*PROBLEM*
Go to the line containing "Continue with the pedestrian (275,613,297,645)." and return it and each line after it exactly, through the end of the data below, and nothing more.

[Records from a collection]
[Start of Attachment]
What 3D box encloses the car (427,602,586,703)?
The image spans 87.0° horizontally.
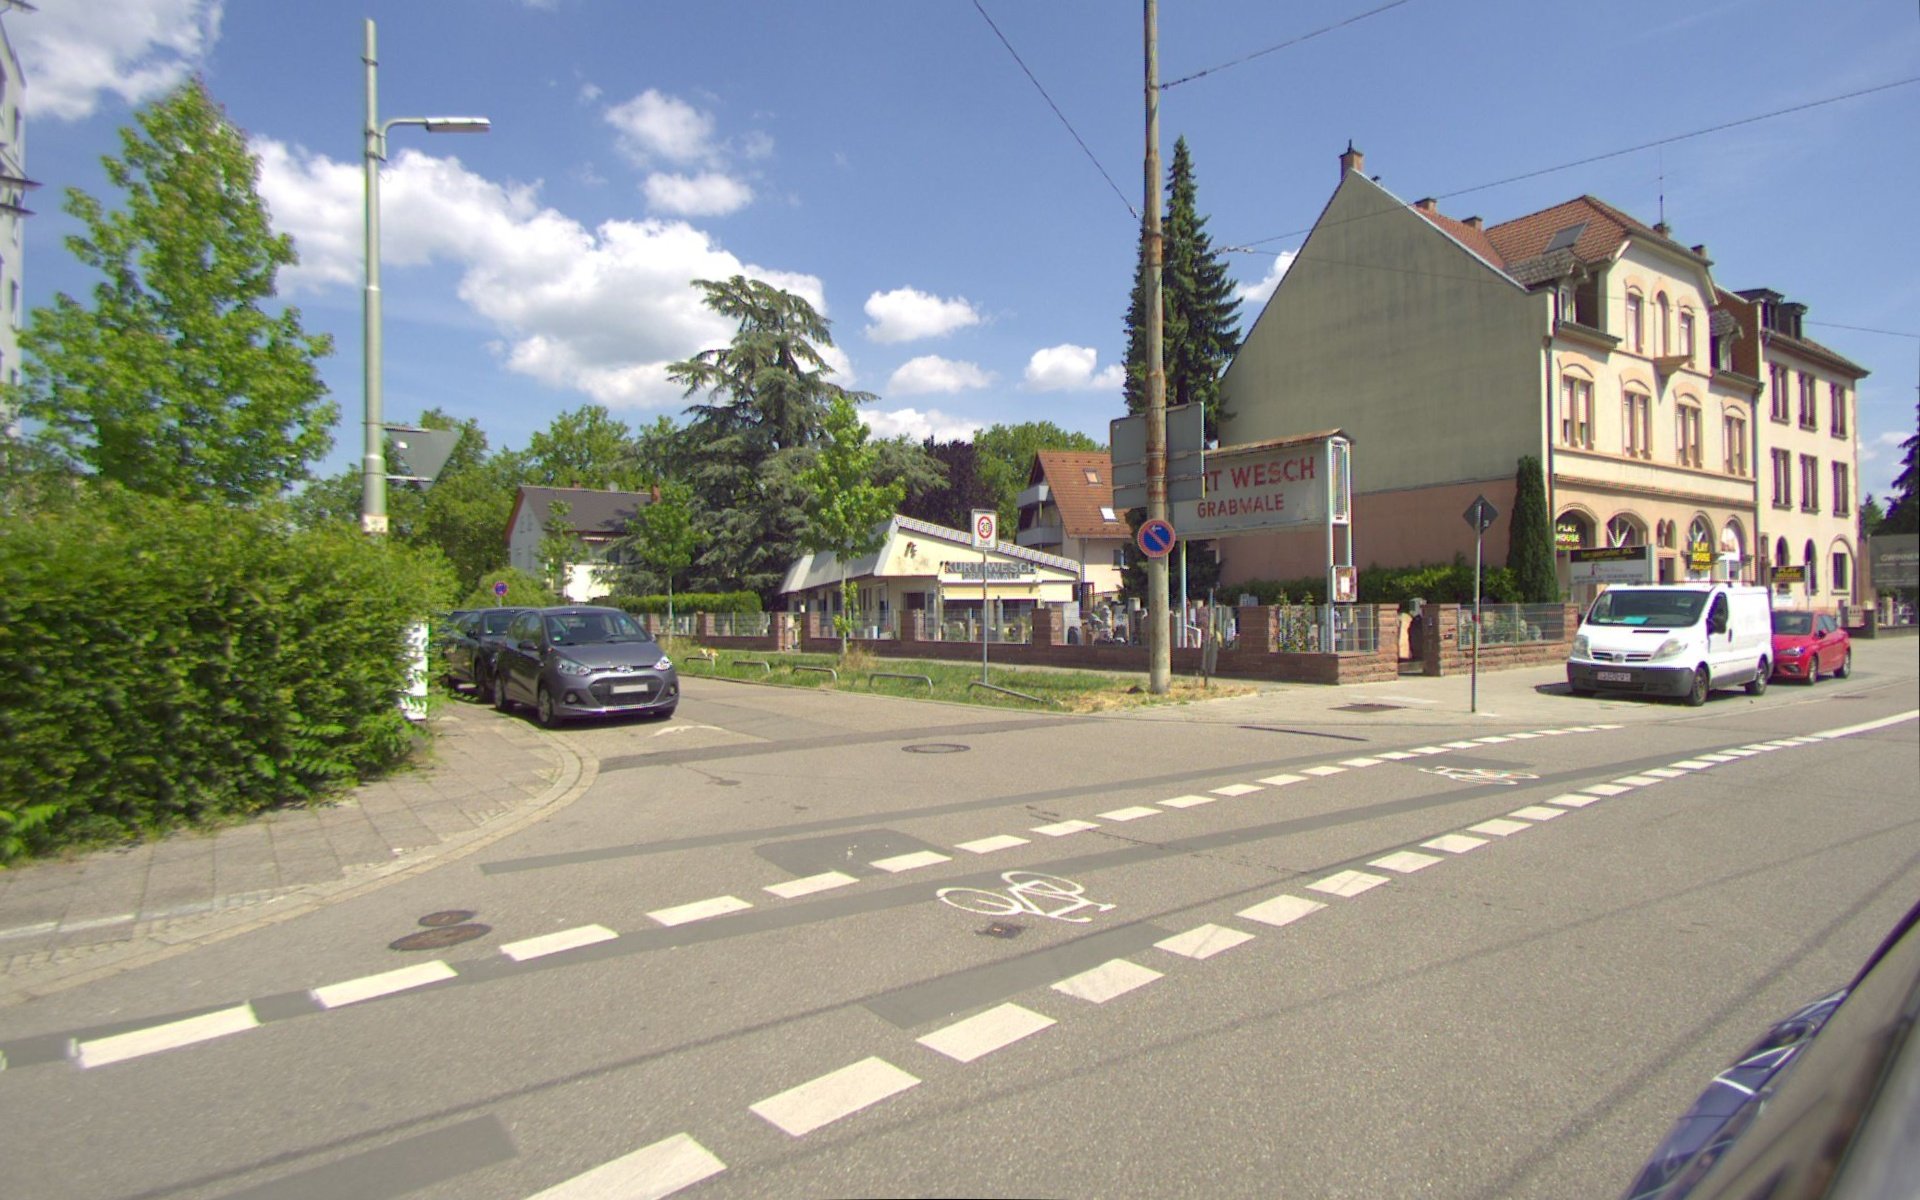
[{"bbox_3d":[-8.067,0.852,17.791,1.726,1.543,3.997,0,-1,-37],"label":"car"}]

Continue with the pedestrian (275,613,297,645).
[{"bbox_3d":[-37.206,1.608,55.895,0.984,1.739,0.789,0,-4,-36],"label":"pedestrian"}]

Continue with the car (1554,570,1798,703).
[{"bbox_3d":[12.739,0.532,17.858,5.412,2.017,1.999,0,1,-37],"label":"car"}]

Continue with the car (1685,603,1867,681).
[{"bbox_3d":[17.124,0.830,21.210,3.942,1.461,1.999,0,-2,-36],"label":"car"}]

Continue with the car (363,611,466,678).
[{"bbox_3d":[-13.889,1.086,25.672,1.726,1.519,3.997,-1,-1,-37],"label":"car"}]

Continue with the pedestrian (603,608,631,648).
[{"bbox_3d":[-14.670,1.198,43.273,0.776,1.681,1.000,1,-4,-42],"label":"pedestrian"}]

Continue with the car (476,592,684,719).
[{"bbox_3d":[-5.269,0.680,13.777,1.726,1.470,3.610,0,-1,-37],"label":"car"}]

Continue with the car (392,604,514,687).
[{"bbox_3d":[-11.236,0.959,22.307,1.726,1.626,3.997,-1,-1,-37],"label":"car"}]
[End of Attachment]
*YOUR SOLUTION*
Continue with the pedestrian (275,613,297,645).
[{"bbox_3d":[-37.206,1.608,55.895,0.984,1.739,0.789,0,-4,-36],"label":"pedestrian"}]

Continue with the car (1554,570,1798,703).
[{"bbox_3d":[12.739,0.532,17.858,5.412,2.017,1.999,0,1,-37],"label":"car"}]

Continue with the car (1685,603,1867,681).
[{"bbox_3d":[17.124,0.830,21.210,3.942,1.461,1.999,0,-2,-36],"label":"car"}]

Continue with the car (363,611,466,678).
[{"bbox_3d":[-13.889,1.086,25.672,1.726,1.519,3.997,-1,-1,-37],"label":"car"}]

Continue with the pedestrian (603,608,631,648).
[{"bbox_3d":[-14.670,1.198,43.273,0.776,1.681,1.000,1,-4,-42],"label":"pedestrian"}]

Continue with the car (476,592,684,719).
[{"bbox_3d":[-5.269,0.680,13.777,1.726,1.470,3.610,0,-1,-37],"label":"car"}]

Continue with the car (392,604,514,687).
[{"bbox_3d":[-11.236,0.959,22.307,1.726,1.626,3.997,-1,-1,-37],"label":"car"}]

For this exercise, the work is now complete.